Chappie's fortunes change again when Yamato is arrested for plotting to overthrow the Japanese Emperor. Ishmael Reed, a new character, follows the news as Chappie denounces Yamato. Reed then reports a series of observations and visions: Americans enact white affirmative action laws to oppose the Japanese; Japanese investments and dominance begin to decline; and a new multiculturalism based on Yoruba culture begins to arise in America.

== Major themes ==
Academic analysis of the book has focused on its use of satire to criticize monoculturalism and illustrate the value of multiculturalism. Kenneth Womack's academic analysis of Reed's insertion of himself as a character into Japanese by Spring suggested that Reed's literary technique was meant to elevate his own multiculturalist perspective over any form of monoculturalism, including Eurocentrism, Afrocentrism, and feminism, with the result that Reed's novel could also be criticized as misogynist. In a Modern Fiction Studies analysis of the novel's themes of multiculturalism, Jeehyun Lim proposed that the use of different languages in the novel reflected Reed's ambivalence toward capitalism, observing that Japanese by Spring presents a multiculturalism grounded in the Yoruba language as an alternative to a multiculturalism based on multilingualism in English and Japanese, the languages of competing capitalists.
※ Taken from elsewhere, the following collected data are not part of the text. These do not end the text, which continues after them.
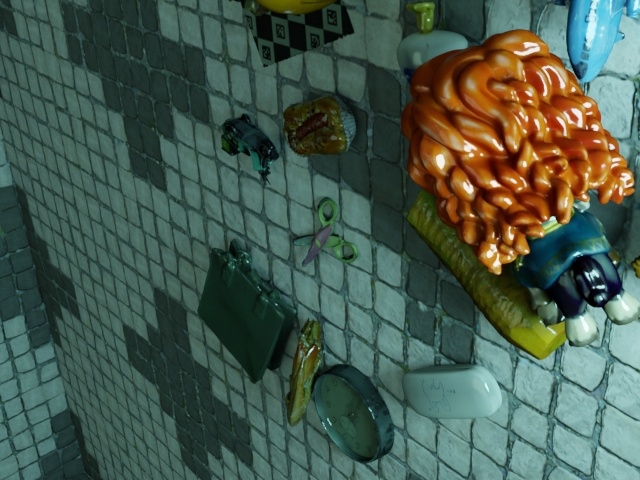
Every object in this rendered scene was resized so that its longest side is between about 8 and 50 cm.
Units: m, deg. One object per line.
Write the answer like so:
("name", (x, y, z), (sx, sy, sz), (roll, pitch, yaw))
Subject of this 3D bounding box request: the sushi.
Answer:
("sushi", (-0.086, -0.444, 1.578), (0.290, 0.050, 0.264), (-8, 104, 55))

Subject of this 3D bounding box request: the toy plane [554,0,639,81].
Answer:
("toy plane", (0.323, -0.318, 1.036), (0.254, 0.105, 0.271), (27, 132, 45))

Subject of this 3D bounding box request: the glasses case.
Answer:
("glasses case", (0.226, 0.265, 1.592), (0.233, 0.059, 0.092), (-14, 100, 58))

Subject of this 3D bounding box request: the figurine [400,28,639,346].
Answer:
("figurine", (0.263, -0.056, 1.138), (0.412, 0.241, 0.306), (51, -156, -41))

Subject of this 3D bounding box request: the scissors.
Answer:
("scissors", (0.000, 0.000, 1.773), (0.187, 0.020, 0.133), (-31, 81, 55))

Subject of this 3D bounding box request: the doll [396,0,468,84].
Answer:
("doll", (0.169, -0.200, 1.321), (0.138, 0.119, 0.293), (-75, -27, -72))

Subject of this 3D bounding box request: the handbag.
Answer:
("handbag", (-0.170, 0.162, 2.065), (0.247, 0.079, 0.260), (45, 140, 25))

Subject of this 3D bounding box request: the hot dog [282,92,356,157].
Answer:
("hot dog", (-0.007, -0.201, 1.622), (0.191, 0.059, 0.108), (-2, 105, 57))

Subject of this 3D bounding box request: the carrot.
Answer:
("carrot", (0.254, 0.042, 1.361), (0.302, 0.114, 0.114), (51, 144, 25))

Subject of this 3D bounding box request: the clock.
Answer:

Crystal Anderson analyzed Japanese by Spring as a form of trickster narrative, in which the story creates meaning from the experiences of a particular ethnic group, but also "privileges access to and use of multiple cultural spheres". However, Anderson criticized Reed's use of Japanese characters simply to support a story about Blacks and whites in the United States, noting that Japanese by Spring relied on "prejudices of a different era" rather than directly confronting Black-Japanese relationships with realistic characters and cultural representations.

== Background ==
Reed wrote several novels in the 1980s and 1990s that addressed the rise of neoconservatism and multiculturalism in American politics and academic life, and Japanese by Spring has similar settings and characters to predecessor novels The Terrible Twos, Reckless Eyeballing, and The Terrible Threes, with especially strong plot similarities to Reckless Eyeballing. According to Reed, Japanese by Spring was inspired by a news story about a major university that had been secretly funded by a Japanese organized crime syndicate. Using a Japanese takeover of an American university as a "science-fiction element", he wrote Japanese by Spring to challenge the idea of multiculturalism as a response to Afrocentric and Eurocentric perspectives.

== Reception ==
The book received mixed reviews. Reviewers praised Reed's courage in tackling difficult subjects, with the Chicago Tribune saying: "Reed isn't foolhardy, but he is about as brave as can be." The New York Times concluded that "this clever, outrageous novel is just the sort of weapon we need in the war against academic pedantry". However, reviewers also criticized the book's ending, with The Washington Post noting that Japanese by Spring "lapses into the kind of artless agitprop that still too much afflicts even newer generations of the old Negro Problem Novel", and The Times Literary Supplement concluding that "if this writing is jazz-like, it's an improvised set that keeps forgetting what tunes it started out being based on". Reviewing the book for the academic journal MELUS, international relations scholar Tsunehiko Kato criticized Reed for exaggerating and mischaracterizing Japanese right-wing movements, and for creating "the impression that he is the only one doing the right thing", ultimately concluding that Reed's understanding of Japan was based on "stereotypes of old Japan" and an unhelpful portrayal of modern Japan in terms of its economic relationship to the United States.